Experimental evolution and the adjustment of metabolic strategies in lactic acid bacteria

Abstract Experimental evolution of microbes has gained lots of interest in recent years, mainly due to the ease of strain characterisation through next-generation sequencing. While evolutionary and systems biologists use experimental evolution to address fundamental questions in their respective fields, studies with lactic acid bacteria are often more directed by applied questions. Insight into population and genome dynamics are valuable for experimental design and data interpretation, and it is becoming increasingly apparent how different constraints limit and govern the outcome of microbial adaptation to a selective environment.
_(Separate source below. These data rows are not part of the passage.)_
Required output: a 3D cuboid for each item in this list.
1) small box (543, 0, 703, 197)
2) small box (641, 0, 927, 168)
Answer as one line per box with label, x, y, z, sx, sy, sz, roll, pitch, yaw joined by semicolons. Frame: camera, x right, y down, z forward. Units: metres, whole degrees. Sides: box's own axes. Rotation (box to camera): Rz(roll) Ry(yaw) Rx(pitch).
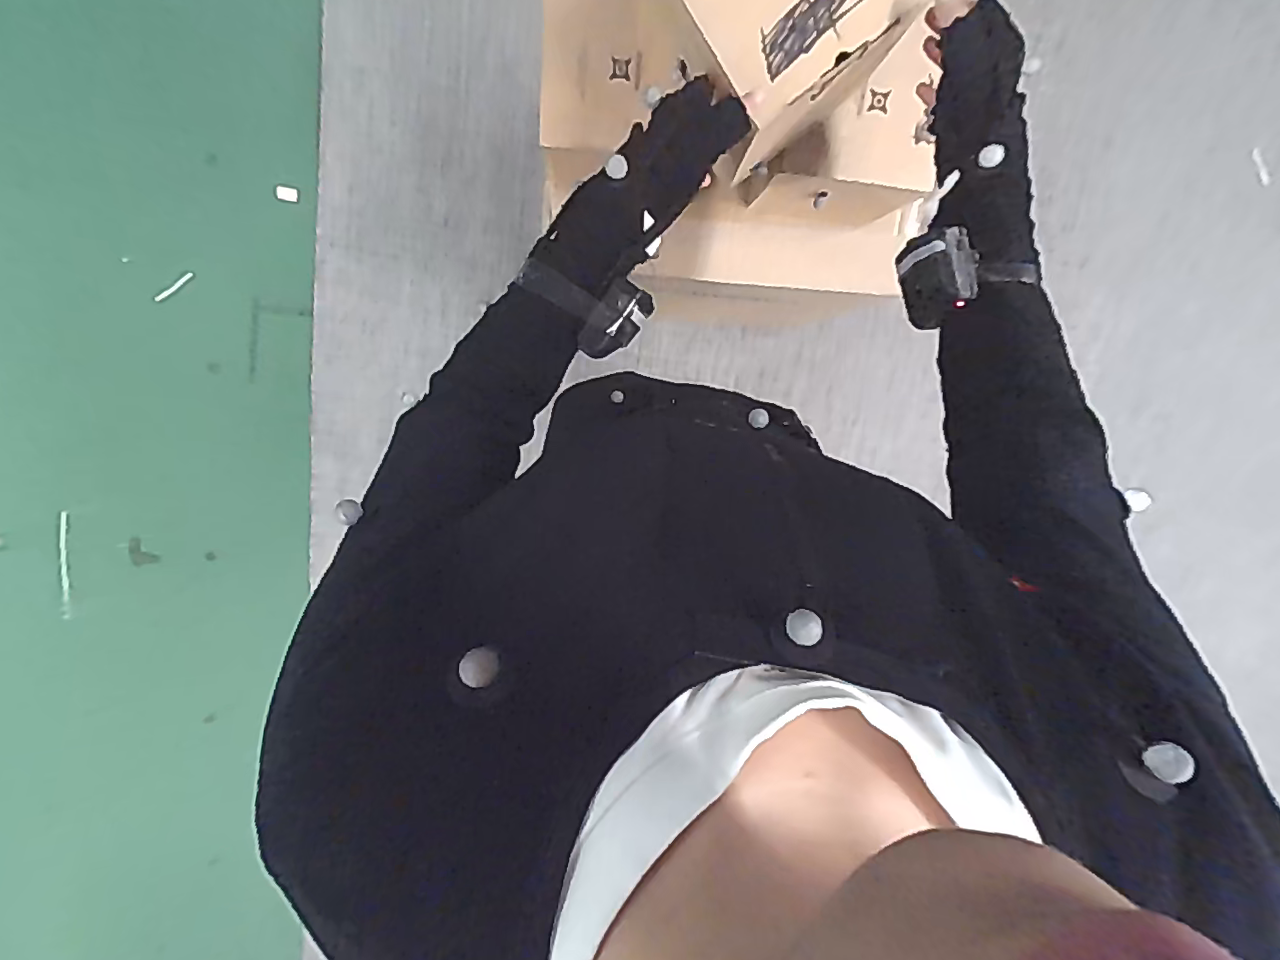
small box;-0.014;-0.455;0.652;0.179;0.176;0.168;4;102;-1
small box;0.114;-0.420;0.492;0.168;0.176;0.179;-35;100;7

Examples for such constraints are the finite membrane and cellular space which can lead to trade-offs between cellular strategies. A powerful perspective is that of resource allocation, which allows cells to maximise fitness. This impacts on metabolic strategies that have different protein/resource demands. This review focuses on parameters and forces that shape cellular optimisation processes and that are determining for the outcome of laboratory evolution experiments. Phenotypic changes of experimentally evolved lactic acid bacteria will be discussed in the light of the selection conditions and the prevailing constraints. Environmental factors and cellular resource allocation form constraints that shape metabolic strategies and population dynamics, which eventually determines the outcome of laboratory evolution experiments.